Your answer should be a single number: how many lines in the data below hold the string "blocks".
::::::::::
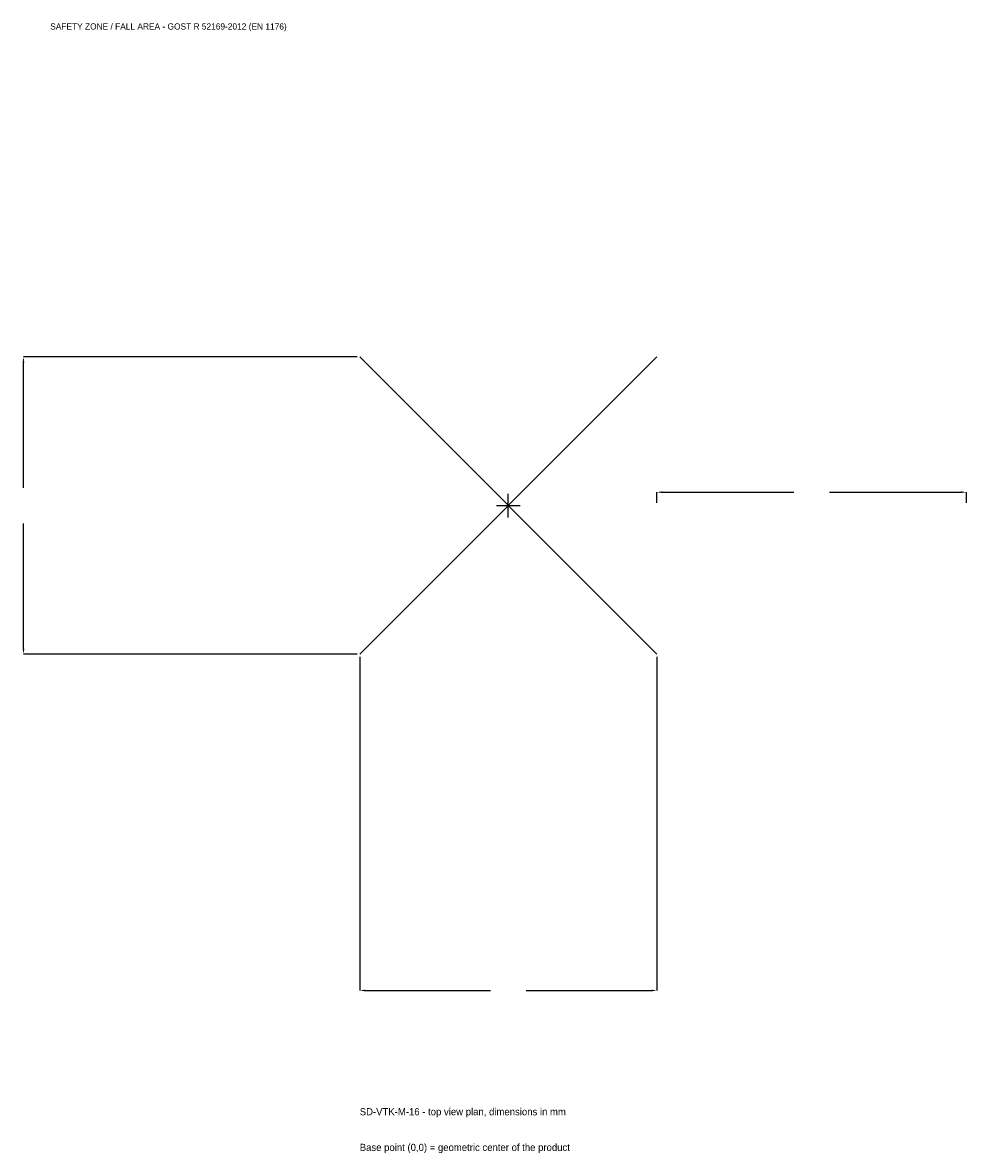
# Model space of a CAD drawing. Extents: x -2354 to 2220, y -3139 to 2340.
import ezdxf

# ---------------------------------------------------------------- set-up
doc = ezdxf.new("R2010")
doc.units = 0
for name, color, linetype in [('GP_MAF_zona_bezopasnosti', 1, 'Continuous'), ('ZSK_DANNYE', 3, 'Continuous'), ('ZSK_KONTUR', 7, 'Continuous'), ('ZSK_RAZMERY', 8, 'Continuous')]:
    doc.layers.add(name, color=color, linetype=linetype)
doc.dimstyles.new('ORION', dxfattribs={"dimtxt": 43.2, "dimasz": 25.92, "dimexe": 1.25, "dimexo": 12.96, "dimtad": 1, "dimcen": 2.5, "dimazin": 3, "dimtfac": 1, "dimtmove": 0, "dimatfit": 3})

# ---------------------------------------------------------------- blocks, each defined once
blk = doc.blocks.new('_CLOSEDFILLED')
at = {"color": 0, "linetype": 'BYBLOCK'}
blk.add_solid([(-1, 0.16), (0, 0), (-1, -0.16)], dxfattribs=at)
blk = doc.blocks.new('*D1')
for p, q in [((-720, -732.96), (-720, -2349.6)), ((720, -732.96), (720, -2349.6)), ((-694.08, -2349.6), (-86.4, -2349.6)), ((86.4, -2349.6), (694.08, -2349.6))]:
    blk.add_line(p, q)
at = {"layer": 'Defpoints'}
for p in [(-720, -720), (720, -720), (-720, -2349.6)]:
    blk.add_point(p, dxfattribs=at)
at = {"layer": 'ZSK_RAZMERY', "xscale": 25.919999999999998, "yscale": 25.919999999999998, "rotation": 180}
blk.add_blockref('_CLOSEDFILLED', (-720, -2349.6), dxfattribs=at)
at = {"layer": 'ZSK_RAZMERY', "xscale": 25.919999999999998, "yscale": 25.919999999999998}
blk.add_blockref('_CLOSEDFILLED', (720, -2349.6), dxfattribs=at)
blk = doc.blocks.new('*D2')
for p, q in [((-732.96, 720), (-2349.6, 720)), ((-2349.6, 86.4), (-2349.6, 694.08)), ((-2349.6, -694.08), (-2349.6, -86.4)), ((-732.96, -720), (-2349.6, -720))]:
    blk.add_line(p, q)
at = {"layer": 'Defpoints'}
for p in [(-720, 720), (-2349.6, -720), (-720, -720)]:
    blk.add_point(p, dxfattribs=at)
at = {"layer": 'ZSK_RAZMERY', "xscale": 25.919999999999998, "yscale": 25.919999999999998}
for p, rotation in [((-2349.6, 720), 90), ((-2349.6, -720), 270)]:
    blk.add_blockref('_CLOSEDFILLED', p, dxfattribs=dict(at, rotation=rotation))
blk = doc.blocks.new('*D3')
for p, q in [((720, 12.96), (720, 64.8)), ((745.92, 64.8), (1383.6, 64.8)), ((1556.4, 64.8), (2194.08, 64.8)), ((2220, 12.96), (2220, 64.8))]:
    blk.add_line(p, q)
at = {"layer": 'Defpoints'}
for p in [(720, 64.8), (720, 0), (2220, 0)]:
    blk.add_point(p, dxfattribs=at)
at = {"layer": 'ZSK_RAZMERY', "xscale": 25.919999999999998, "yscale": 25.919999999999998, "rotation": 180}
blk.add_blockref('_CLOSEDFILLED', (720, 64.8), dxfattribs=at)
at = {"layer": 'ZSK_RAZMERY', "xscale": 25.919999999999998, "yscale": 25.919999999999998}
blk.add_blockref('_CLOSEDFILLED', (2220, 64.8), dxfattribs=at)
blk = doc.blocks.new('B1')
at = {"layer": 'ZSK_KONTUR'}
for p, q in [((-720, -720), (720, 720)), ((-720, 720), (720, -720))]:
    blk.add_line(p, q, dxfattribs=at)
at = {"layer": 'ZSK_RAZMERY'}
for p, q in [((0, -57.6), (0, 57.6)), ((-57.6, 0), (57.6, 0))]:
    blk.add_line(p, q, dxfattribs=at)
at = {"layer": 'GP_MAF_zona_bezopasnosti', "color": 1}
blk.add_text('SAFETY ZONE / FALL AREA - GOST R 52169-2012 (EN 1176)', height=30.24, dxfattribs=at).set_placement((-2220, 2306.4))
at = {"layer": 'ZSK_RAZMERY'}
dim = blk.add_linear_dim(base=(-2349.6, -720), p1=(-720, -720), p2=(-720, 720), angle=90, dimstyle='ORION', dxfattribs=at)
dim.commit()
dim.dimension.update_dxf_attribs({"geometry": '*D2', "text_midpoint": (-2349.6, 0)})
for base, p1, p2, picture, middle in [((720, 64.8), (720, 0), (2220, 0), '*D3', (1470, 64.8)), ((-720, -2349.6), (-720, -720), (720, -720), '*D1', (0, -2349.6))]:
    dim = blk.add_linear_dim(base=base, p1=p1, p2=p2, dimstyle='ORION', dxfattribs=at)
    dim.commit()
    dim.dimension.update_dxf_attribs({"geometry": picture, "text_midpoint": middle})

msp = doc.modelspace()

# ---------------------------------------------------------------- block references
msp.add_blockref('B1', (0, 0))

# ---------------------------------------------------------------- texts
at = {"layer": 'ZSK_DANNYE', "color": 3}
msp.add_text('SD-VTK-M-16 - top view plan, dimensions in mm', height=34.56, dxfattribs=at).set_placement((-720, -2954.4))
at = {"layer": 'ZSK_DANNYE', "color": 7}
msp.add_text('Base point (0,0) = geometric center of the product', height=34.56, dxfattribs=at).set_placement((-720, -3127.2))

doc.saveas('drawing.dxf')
::::::::::
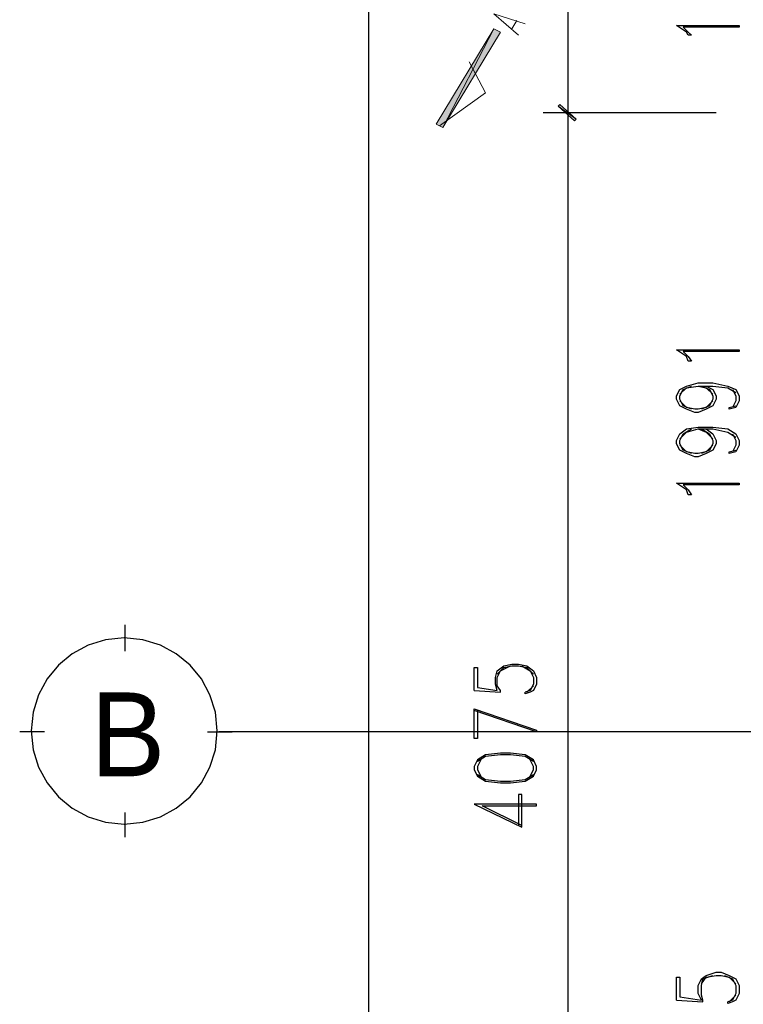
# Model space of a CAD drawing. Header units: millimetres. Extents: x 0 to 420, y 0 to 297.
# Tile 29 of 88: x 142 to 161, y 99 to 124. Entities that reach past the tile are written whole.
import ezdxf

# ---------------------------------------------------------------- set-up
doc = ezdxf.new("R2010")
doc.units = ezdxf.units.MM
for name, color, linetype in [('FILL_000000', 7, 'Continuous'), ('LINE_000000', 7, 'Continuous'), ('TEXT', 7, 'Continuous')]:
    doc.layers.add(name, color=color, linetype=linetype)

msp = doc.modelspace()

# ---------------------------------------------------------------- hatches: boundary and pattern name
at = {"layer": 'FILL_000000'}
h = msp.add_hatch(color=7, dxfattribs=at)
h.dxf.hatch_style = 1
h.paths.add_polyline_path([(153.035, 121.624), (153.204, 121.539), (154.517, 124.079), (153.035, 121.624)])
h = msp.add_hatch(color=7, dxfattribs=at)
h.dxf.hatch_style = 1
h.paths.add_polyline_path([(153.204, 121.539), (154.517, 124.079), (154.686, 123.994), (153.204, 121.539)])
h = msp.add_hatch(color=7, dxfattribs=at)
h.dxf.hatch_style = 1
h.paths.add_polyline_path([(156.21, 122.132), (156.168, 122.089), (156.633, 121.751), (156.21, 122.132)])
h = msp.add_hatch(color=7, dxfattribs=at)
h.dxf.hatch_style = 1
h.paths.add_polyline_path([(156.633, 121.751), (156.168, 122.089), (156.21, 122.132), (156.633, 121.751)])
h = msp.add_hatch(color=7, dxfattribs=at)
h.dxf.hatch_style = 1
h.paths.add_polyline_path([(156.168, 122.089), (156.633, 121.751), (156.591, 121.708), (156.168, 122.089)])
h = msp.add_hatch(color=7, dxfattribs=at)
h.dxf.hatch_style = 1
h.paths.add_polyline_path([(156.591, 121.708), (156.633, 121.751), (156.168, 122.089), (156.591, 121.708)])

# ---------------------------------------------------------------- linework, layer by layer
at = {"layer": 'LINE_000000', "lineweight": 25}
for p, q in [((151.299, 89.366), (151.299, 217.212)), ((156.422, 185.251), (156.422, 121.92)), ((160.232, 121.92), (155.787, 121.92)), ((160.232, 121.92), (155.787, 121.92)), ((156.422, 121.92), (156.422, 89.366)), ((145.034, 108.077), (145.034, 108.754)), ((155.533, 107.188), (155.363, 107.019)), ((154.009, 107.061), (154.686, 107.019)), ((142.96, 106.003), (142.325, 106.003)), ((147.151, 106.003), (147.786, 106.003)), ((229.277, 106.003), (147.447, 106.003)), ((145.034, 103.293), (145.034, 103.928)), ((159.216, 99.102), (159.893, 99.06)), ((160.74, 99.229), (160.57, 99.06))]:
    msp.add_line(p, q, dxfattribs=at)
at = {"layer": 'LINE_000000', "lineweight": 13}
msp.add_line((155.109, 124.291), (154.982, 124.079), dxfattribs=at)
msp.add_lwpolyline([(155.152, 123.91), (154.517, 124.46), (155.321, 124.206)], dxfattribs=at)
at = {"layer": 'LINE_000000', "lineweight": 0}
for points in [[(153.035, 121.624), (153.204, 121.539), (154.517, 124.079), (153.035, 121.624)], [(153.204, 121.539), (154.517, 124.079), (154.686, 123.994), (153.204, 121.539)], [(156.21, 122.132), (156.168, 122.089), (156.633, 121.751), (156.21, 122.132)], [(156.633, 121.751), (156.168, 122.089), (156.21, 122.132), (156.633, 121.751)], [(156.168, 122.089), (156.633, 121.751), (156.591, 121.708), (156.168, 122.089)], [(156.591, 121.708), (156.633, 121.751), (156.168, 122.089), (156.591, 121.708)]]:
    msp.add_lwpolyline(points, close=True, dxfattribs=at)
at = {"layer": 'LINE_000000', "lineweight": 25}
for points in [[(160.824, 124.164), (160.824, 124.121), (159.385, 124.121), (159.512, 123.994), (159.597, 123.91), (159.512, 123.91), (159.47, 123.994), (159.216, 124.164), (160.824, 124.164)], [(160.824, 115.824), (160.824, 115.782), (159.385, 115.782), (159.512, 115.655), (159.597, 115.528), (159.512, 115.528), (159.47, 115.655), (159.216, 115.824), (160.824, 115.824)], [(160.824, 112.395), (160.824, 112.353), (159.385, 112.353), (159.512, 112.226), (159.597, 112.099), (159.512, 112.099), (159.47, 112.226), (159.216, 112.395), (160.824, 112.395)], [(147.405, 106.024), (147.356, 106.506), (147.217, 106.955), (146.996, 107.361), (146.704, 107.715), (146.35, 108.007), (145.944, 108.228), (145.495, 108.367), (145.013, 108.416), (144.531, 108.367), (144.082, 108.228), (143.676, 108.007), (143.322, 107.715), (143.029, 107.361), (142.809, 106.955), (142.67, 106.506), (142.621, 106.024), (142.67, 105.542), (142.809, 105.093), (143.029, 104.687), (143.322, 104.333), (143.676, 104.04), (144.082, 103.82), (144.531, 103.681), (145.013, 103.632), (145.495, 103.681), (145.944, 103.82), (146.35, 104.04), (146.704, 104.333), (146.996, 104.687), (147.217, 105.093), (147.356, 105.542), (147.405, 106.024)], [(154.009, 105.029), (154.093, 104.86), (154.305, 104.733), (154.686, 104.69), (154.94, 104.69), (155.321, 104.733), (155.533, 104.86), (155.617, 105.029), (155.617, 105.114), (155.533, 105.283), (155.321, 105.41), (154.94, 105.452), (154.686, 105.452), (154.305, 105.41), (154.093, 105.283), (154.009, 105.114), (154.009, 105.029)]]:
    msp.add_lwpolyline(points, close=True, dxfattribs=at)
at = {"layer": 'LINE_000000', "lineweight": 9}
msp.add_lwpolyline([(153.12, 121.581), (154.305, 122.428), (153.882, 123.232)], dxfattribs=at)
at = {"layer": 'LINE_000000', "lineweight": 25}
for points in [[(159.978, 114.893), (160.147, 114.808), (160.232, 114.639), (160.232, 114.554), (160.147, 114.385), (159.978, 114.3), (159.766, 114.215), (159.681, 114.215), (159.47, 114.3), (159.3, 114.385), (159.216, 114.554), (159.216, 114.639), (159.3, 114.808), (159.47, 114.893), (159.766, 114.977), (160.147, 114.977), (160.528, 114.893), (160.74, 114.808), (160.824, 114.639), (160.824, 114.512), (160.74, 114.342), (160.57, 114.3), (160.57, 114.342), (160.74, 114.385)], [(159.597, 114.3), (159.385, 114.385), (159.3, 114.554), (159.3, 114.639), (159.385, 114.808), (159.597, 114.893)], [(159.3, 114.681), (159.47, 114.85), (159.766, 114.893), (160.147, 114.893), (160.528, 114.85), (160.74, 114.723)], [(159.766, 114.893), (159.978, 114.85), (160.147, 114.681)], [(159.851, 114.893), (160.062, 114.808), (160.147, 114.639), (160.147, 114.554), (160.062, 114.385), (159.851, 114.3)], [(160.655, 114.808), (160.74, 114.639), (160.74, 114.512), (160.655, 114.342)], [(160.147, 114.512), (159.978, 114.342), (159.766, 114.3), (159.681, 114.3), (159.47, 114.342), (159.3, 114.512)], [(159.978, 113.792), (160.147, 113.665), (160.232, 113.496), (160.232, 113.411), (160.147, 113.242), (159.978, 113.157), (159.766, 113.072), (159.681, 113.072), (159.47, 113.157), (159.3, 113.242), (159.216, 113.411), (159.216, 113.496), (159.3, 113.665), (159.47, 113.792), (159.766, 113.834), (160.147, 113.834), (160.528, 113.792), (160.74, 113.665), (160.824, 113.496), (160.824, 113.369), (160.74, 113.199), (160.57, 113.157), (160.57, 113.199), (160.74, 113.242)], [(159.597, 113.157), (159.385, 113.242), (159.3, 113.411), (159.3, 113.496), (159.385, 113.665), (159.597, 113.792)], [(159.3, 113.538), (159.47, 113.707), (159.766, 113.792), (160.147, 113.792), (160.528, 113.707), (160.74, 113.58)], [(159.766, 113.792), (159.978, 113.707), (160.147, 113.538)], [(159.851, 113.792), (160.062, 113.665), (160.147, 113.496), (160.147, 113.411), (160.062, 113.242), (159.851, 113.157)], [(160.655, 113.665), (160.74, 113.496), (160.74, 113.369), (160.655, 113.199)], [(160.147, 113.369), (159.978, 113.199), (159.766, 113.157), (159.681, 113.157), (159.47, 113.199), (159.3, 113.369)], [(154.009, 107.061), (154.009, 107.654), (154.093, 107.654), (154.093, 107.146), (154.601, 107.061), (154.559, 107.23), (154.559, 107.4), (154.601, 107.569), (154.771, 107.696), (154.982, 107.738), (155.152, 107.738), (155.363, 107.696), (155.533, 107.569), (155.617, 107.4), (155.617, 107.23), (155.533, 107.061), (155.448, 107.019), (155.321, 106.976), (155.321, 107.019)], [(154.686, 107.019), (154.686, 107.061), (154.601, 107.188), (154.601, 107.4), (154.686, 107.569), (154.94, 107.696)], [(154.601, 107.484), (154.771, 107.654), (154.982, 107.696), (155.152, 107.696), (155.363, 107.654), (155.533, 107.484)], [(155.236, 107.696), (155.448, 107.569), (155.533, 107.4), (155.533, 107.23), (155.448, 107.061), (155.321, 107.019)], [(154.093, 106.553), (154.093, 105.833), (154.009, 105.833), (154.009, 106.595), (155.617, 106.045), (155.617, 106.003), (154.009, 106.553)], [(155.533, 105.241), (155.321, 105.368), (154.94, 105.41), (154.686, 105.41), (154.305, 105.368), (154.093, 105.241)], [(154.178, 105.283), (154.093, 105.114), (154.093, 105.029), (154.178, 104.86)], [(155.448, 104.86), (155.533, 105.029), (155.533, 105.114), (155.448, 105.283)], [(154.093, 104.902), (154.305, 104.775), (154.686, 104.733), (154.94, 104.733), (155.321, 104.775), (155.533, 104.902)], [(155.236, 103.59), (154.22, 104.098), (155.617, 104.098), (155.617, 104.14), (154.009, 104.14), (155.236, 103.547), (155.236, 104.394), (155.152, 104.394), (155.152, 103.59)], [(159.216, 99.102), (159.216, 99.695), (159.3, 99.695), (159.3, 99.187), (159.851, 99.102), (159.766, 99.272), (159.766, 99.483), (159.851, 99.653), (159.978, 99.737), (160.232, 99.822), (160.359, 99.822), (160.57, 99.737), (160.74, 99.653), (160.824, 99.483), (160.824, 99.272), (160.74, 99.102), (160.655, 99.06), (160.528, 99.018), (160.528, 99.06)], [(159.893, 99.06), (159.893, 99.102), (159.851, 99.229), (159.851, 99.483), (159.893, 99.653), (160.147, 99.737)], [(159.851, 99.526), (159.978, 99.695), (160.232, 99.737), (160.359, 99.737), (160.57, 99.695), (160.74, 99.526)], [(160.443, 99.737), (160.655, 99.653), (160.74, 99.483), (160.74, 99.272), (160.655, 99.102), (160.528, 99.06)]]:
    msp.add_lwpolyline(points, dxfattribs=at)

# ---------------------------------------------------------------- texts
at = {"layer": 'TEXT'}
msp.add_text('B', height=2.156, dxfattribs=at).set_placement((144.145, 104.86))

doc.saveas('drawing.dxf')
::::::::::
EXERCISE RESPONSE: 6